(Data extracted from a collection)
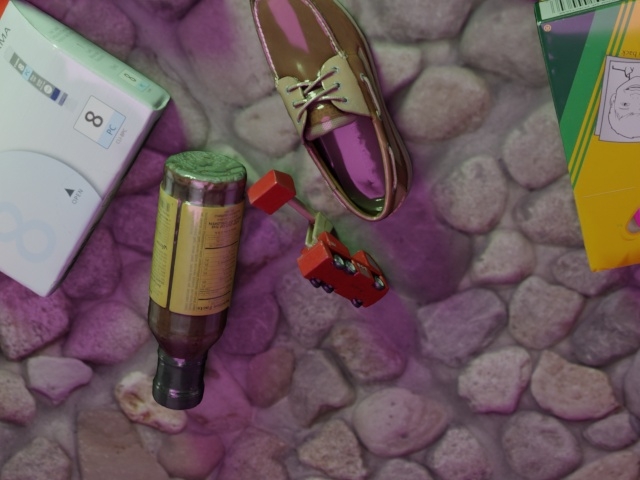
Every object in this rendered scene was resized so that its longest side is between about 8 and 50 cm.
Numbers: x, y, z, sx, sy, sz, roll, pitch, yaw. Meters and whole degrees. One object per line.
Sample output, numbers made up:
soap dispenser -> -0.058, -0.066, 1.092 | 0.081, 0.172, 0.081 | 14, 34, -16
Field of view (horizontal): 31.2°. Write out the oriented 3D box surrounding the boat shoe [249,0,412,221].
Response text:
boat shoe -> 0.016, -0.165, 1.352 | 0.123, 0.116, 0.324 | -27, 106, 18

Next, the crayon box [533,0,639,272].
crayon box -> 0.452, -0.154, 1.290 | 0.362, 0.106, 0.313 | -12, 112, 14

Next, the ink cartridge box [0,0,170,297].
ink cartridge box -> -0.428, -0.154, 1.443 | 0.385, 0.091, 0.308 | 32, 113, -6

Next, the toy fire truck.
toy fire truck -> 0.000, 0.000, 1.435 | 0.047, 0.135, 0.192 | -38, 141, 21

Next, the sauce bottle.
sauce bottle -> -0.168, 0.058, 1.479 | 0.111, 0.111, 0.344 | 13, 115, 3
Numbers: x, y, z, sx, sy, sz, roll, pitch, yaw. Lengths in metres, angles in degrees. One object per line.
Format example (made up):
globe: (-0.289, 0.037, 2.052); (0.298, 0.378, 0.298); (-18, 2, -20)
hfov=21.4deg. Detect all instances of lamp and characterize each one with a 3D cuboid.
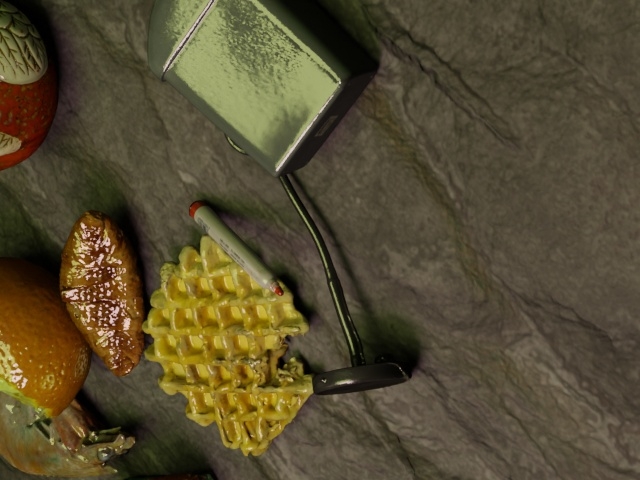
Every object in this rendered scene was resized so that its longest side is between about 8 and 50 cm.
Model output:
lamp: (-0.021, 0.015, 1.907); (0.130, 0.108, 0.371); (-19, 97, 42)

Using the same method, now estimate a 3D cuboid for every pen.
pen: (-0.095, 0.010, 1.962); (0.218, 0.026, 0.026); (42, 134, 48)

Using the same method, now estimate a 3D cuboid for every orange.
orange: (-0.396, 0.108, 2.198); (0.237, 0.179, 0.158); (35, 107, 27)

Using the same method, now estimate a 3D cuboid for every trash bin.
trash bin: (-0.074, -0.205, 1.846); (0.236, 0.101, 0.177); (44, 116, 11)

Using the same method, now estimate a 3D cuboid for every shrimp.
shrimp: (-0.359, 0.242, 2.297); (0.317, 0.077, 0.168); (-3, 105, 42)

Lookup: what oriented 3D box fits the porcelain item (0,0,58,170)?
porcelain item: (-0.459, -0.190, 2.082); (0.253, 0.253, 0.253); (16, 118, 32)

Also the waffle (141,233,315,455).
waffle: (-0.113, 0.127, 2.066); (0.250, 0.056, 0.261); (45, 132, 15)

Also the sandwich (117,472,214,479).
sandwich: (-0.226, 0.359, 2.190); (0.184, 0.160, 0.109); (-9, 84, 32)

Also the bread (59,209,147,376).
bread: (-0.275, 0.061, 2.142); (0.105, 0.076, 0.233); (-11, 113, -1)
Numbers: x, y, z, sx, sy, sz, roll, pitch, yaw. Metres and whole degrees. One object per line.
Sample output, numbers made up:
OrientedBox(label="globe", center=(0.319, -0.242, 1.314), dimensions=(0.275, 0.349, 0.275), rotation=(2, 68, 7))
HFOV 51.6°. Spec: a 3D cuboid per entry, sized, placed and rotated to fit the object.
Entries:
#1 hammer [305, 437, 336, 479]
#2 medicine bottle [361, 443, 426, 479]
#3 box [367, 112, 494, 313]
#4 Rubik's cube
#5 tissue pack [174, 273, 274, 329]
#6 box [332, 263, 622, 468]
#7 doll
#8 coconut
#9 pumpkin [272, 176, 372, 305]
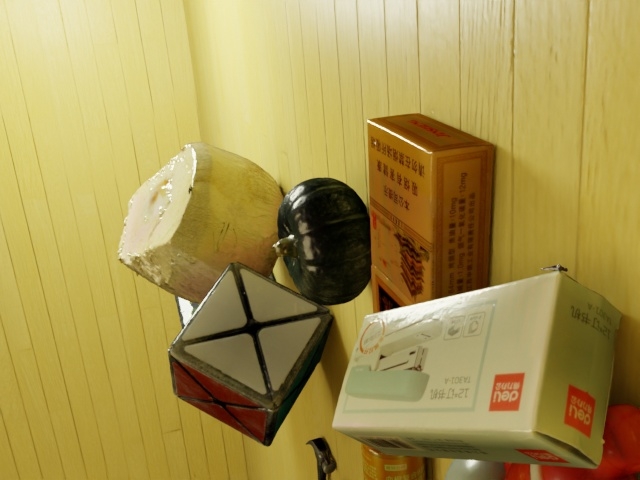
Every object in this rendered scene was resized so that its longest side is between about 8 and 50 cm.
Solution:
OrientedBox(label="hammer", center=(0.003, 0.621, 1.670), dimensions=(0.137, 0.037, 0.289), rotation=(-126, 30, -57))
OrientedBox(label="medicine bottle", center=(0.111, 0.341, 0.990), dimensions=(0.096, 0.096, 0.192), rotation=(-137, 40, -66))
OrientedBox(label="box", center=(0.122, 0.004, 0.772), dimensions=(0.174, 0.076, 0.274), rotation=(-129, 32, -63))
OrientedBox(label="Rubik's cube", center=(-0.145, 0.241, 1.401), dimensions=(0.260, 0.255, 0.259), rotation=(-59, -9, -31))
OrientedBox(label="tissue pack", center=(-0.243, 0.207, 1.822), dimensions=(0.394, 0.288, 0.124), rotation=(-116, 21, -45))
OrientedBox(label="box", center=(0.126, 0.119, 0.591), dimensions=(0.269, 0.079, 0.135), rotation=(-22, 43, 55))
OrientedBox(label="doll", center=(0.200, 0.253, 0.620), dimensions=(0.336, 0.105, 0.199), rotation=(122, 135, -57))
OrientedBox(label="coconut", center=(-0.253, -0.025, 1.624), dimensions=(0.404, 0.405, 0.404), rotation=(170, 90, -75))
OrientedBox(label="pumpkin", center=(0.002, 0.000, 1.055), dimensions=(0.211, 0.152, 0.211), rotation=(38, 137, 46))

# [GOAL OF THE EXERCISE]
Where a line of the entries contains the word "roll", copy that line.

# [TASK ANSWER]
Numbers: x, y, z, sx, sy, sz, roll, pitch, yaw. Meters and whole degrees. One object per line.
Numbers: x, y, z, sx, sy, sz, roll, pitch, yaw. Lengths in metres, angles in degrees. One object per line.
Numbers: x, y, z, sx, sy, sz, roll, pitch, yaw. Metres and whole degrees. One object per line.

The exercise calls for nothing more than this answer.